For several tumultuous months, Standing Rock in North Dakota (US) has ignited a collective movement to defend natural spaces from senseless contamination. People of all creeds – from Indigenous peoples across Turtle Island to war veterans– have gathered together to protect bodies of water that are under threat at the hands of heedless corporations. Beyond Standing Rock, many people, inspired by these movements, have taken their own stand against pollution because solidarity promotes feelings of empowerment in everyday citizens.
Activists, now widely classified as Water Protectors, have expanded across North America. They aim to stop the wrongdoings of the corporations carrying out pipeline, fracking and salination work for the extraction and storage of oil and natural gas. Some argue that taking these matters to court would bring justice to local victims. However, the effects of negatively impacting the environment can be immeasurable and are irreversible – factors that monetary compensation cannot repay. That’s why Water Protectors are defending nature proactively and directly.
From the Water Protectors of the newly-approved Trans-Pecos and Comanche Trail pipelines between Texas and Mexico to the Water Warrior Collective against Spectra Pipelines in New Jersey, protectors are increasingly succeeding in their efforts.
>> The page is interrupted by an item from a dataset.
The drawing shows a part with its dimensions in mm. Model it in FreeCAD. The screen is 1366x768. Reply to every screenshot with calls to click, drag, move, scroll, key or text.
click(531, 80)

Halting construction is important before the damage has already taken place.
In Oka, Quebec, The Women’s Lockdown against the Trans-Northern Pipeline has been blocking access to an existing pipeline running through habitats and several waterways that are adversely affected by the project, demanding its closure.
Bakken Oil Fields – the same company responsible for the Dakota Access Pipeline (DAPL) – are being denied access to their fracking equipment as Water Protectors block the train tracks to their desired route. The Olympia Stand in Washington is currently unable to carry out its procedures.
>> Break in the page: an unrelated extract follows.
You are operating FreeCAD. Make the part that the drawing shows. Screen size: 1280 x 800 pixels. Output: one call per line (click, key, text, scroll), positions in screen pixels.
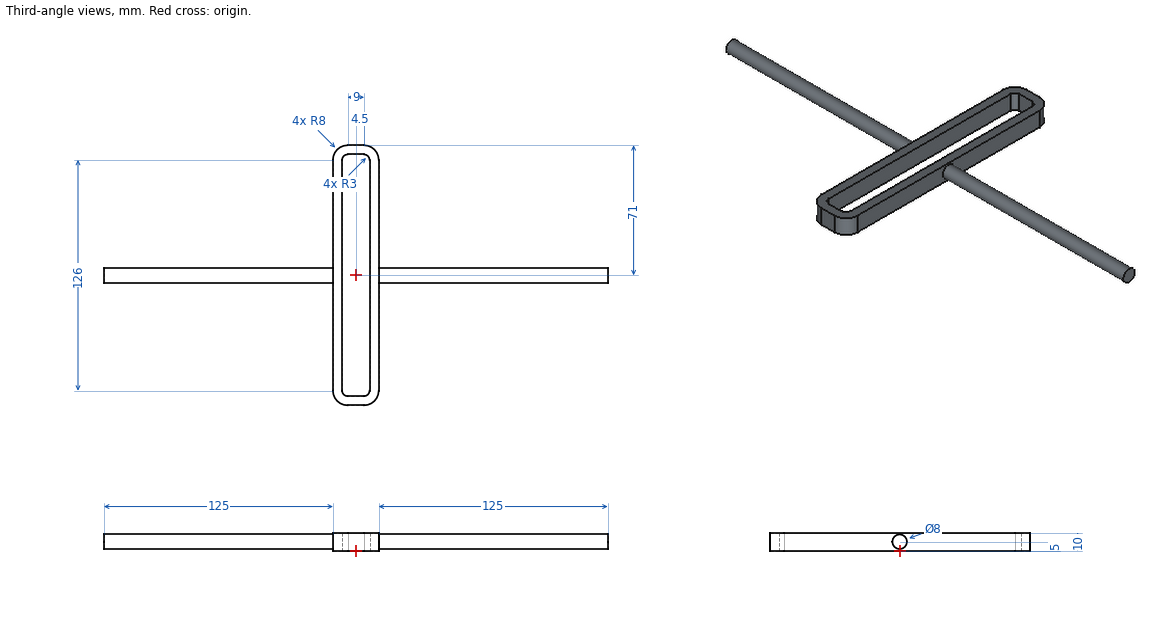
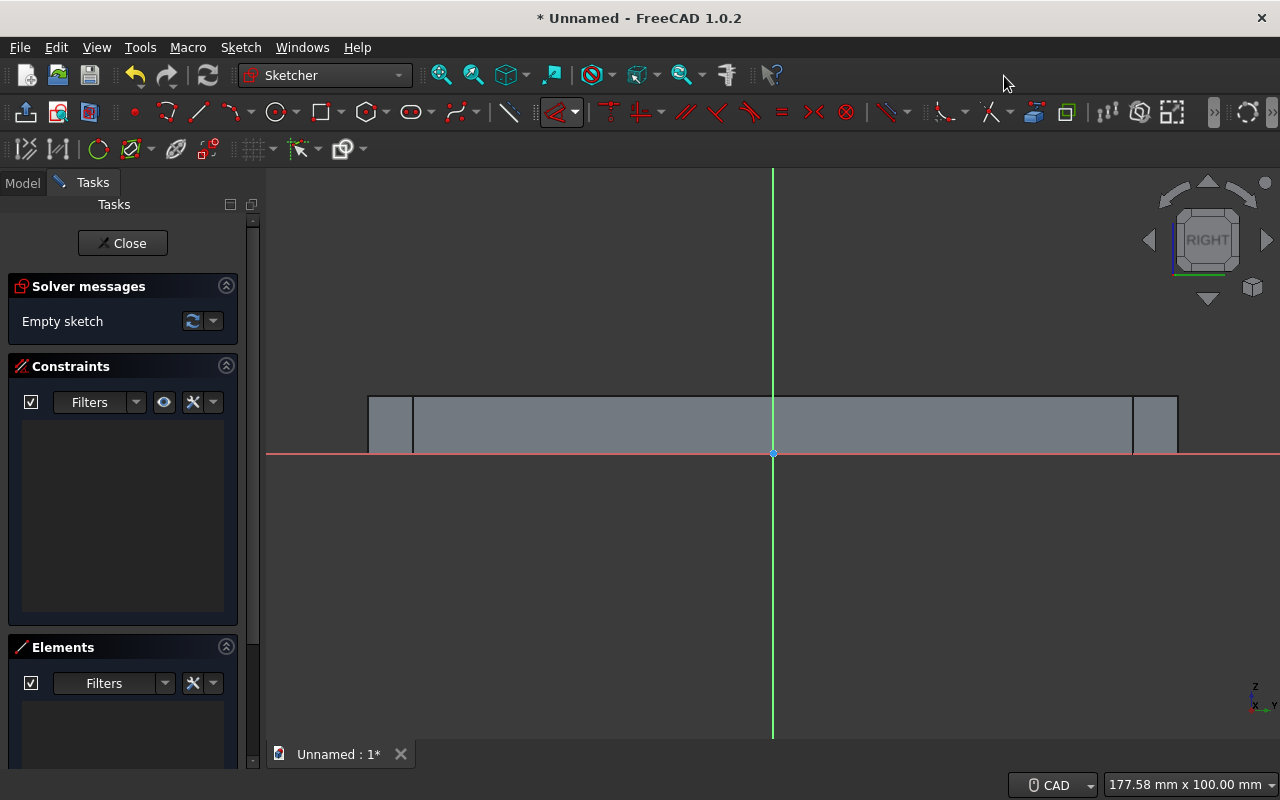
scroll(784, 424, up, 10)

The Pacific Connector Pipeline in Salem, Oregon, has activists marching and staging sit-ins to get the message across to government officials that the pipeline should be denied officially, without extensions to consider a permit. The pipeline has been stalled instead of cancelled, frustrating concerned residents.
Meanwhile, in cities across North America civilians are protesting against government approvals to fund Spectra and Trans Canada on a 3.6 billion dollar project. The contracts plan to build pipes from the US into Mexico, where energy demand is increasing.
Recently the Canadian government has approved plans for the Keystone XL Pipeline, spanning nearly 2000 kilometers from Northern Alberta to the Gulf Coast of Texas. It would cross several large rivers and be situated dangerously close to drinking supplies for millions of Americans. Protests against the construction have already begun in large cities.
Thanks to the Protectors’ successes, a ballooning number of action against big oil companies has been taking place in North America during the past year. Those actions include lockdowns, demonstrations, blockades, banner drops and other direct action methods, and they allow big efforts on smaller defense movements. What is important and hopeful to keep in mind is that the fight against pollution continues to expand, even on a small scale.
In Fort Ellis, Nova Scotia (Canada) an ongoing protest is taking place led by Mi’kmaq activists, local residents and fishers. Its purpose is to stop the proposed natural gas storage project of the Alberta-based Alton Gas company. The project would entail that, through a process involving a water-pumping pipeline that flushes out underground caverns, natural salty brine is flushed from the caverns and sent back into the river. The massive caverns would then be used to store up to billions of cubic feet of natural gas.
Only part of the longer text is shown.